Given these results, several questions arise. First, what initial antimicrobial therapy should be used for community-acquired soft-tissue infections? CA-MRSA remains susceptible to numerous non—β-lactam agents. Our isolates demonstrated this susceptibility pattern, which is consistent with other reports [17]. One of these alternative non—β-lactam agents should be considered in communities where CA-MRSA is prevalent, with special consideration given to the presence of inducible clindamycin resistance [47]. Almost one-fifth of our clindamycin-susceptible CA-MRSA isolates actually possessed inducible resistance, which has been noted to contribute to clinical failure [48]. At the same time, routinely submitting incised and drained abscess fluid specimens for culture should also be encouraged because it could not only affect clinical management, but also help define local resistance patterns [47]. Second, it is uncertain whether attempts to eradicate or control CA-MRSA could be effective or required to prevent invasive infection. CA-MRSA colonization decreased in our population during the study period without active eradication efforts, although this decrease did not reach statistical significance (P = .06). This decreased CA-MRSA colonization rate that paralleled the decrease in MSSA colonization may point to epidemiological similarities between these 2 organisms. In addition, although no participant initially colonized with MSSA subsequently developed CA-MRSA colonization at the terminal sampling, MSSA colonization did not protect these participants from subsequent CA-MRSA infection, which occurred in 5 participants.

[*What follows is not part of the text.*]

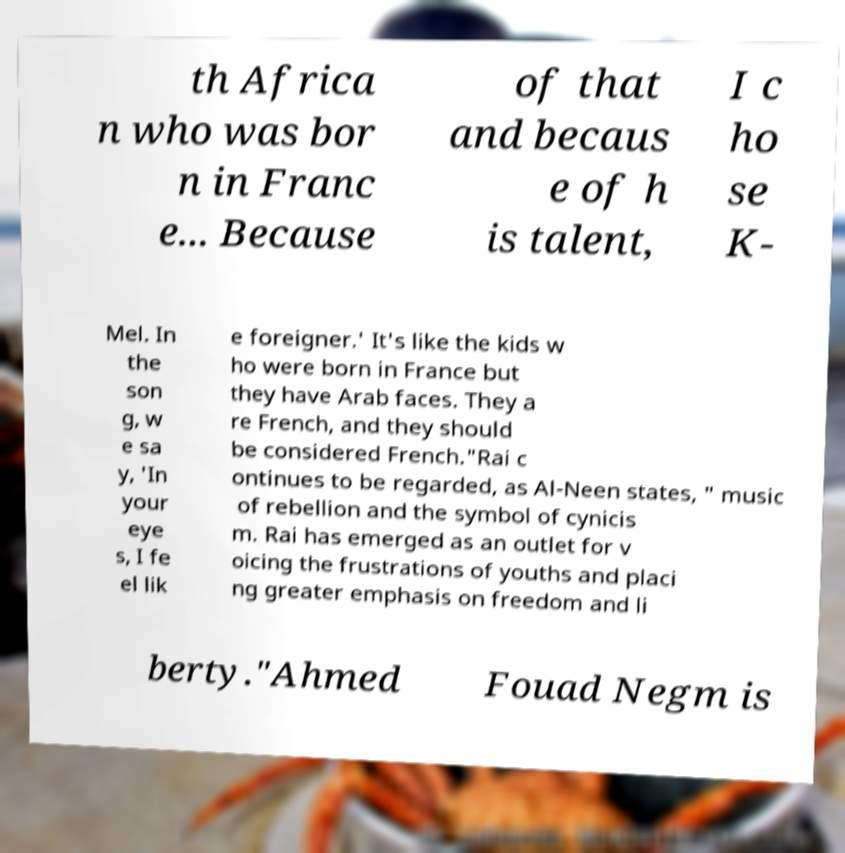I need the written content from this picture converted into text. Can you do that? th Africa n who was bor n in Franc e... Because of that and becaus e of h is talent, I c ho se K- Mel. In the son g, w e sa y, 'In your eye s, I fe el lik e foreigner.' It's like the kids w ho were born in France but they have Arab faces. They a re French, and they should be considered French."Rai c ontinues to be regarded, as Al-Neen states, " music of rebellion and the symbol of cynicis m. Rai has emerged as an outlet for v oicing the frustrations of youths and placi ng greater emphasis on freedom and li berty."Ahmed Fouad Negm is 
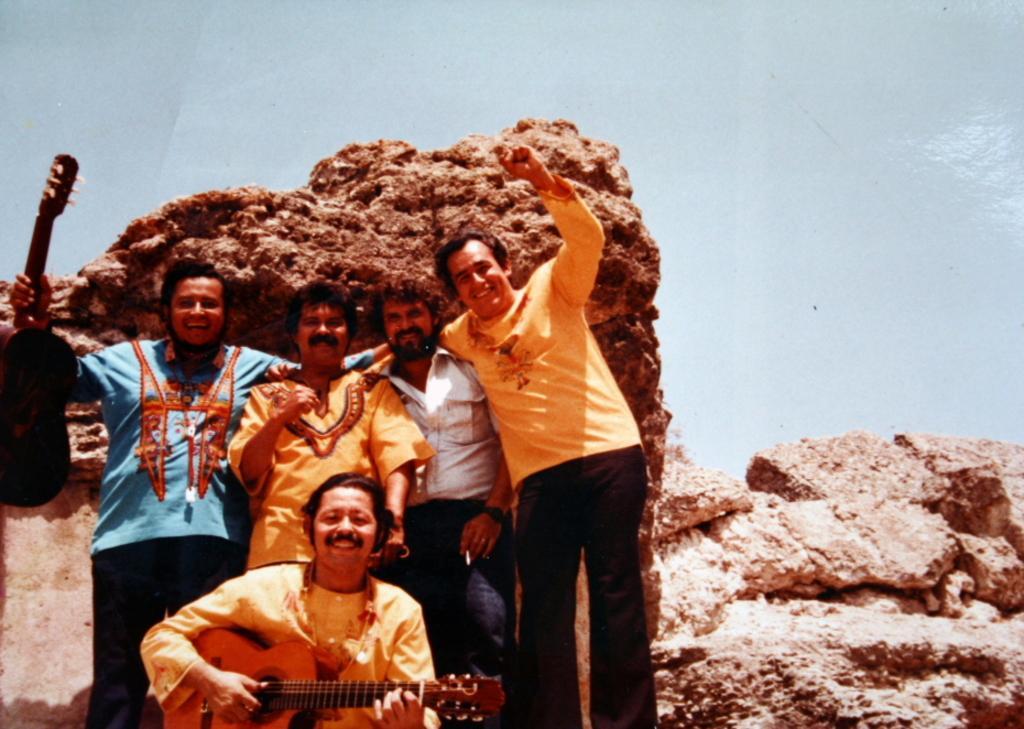How would you summarize this image in a sentence or two? In this image I can see a group of people among them, few are standing and few are sitting and holding a guitar in their hand.

In conclusion, this study supplements existing knowledge of the natural history of CA-MRSA infection. Our data suggest that CA-MRSA colonization is a significant risk factor for subsequent soft-tissue infection and even bacteremia and that currently circulating CA-MRSA strains may be more virulent than MSSA. This virulence may in part be due to the presence of PVL. These data could help develop strategies for CA-MRSA therapy and control efforts.
We thank Dr. James Jorgensen for technical assistance; Dr. Robert Daum and Dr. Gerard Lina, who provided technical advice for detecting PVL; Sherry Trevino, Alicia Astorga, and Linda Anderson, who contributed to our molecular analysis; Dr. John Ward, who aided us with our statistical analysis; and the Infectious Diseases staff for their support.
Financial support. Department of Clinical Investigations, Brooke Army Medical Center.
Conflict of interest. All authors: No conflict.